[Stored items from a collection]
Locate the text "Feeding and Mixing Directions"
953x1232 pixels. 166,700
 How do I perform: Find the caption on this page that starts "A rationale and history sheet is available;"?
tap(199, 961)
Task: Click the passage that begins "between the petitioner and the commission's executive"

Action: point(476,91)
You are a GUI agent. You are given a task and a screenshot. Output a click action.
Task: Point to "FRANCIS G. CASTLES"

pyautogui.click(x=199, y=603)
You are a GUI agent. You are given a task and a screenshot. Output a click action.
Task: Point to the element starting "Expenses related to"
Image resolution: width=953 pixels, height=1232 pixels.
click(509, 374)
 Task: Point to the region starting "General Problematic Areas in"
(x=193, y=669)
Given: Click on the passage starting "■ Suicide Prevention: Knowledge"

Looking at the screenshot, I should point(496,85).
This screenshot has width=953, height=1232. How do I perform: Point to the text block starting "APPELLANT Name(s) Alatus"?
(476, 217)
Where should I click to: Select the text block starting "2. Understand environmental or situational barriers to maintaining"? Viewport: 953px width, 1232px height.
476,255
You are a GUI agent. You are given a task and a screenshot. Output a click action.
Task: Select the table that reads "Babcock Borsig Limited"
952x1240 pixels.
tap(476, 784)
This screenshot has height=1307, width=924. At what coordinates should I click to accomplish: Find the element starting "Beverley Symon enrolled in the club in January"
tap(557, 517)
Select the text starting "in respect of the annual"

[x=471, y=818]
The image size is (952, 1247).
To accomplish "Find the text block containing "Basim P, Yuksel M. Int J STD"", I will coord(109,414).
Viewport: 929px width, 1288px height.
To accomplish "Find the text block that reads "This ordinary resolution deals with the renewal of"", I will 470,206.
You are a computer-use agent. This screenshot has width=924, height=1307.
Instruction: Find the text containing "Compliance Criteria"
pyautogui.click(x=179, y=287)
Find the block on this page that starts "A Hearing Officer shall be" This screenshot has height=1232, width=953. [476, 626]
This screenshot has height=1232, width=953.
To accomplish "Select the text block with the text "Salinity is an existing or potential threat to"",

# [PROBLEM TO SOLVE]
In full and without alteration, transcribe the entries above.

# [ANSWER FOR THIS EXERCISE]
Locate the text "Feeding and Mixing Directions"
953x1232 pixels. 166,700
 How do I perform: Find the caption on this page that starts "A rationale and history sheet is available;"?
tap(199, 961)
Task: Click the passage that begins "between the petitioner and the commission's executive"

Action: point(476,91)
You are a GUI agent. You are given a task and a screenshot. Output a click action.
Task: Point to "FRANCIS G. CASTLES"

pyautogui.click(x=199, y=603)
You are a GUI agent. You are given a task and a screenshot. Output a click action.
Task: Point to the element starting "Expenses related to"
Image resolution: width=953 pixels, height=1232 pixels.
click(509, 374)
 Task: Point to the region starting "General Problematic Areas in"
(x=193, y=669)
Given: Click on the passage starting "■ Suicide Prevention: Knowledge"

Looking at the screenshot, I should point(496,85).
This screenshot has width=953, height=1232. How do I perform: Point to the text block starting "APPELLANT Name(s) Alatus"?
(476, 217)
Where should I click to: Select the text block starting "2. Understand environmental or situational barriers to maintaining"? Viewport: 953px width, 1232px height.
476,255
You are a GUI agent. You are given a task and a screenshot. Output a click action.
Task: Select the table that reads "Babcock Borsig Limited"
952x1240 pixels.
tap(476, 784)
This screenshot has height=1307, width=924. At what coordinates should I click to accomplish: Find the element starting "Beverley Symon enrolled in the club in January"
tap(557, 517)
Select the text starting "in respect of the annual"

[x=471, y=818]
The image size is (952, 1247).
To accomplish "Find the text block containing "Basim P, Yuksel M. Int J STD"", I will coord(109,414).
Viewport: 929px width, 1288px height.
To accomplish "Find the text block that reads "This ordinary resolution deals with the renewal of"", I will 470,206.
You are a computer-use agent. This screenshot has width=924, height=1307.
Instruction: Find the text containing "Compliance Criteria"
pyautogui.click(x=179, y=287)
Find the block on this page that starts "A Hearing Officer shall be" This screenshot has height=1232, width=953. [476, 626]
This screenshot has height=1232, width=953.
To accomplish "Select the text block with the text "Salinity is an existing or potential threat to"",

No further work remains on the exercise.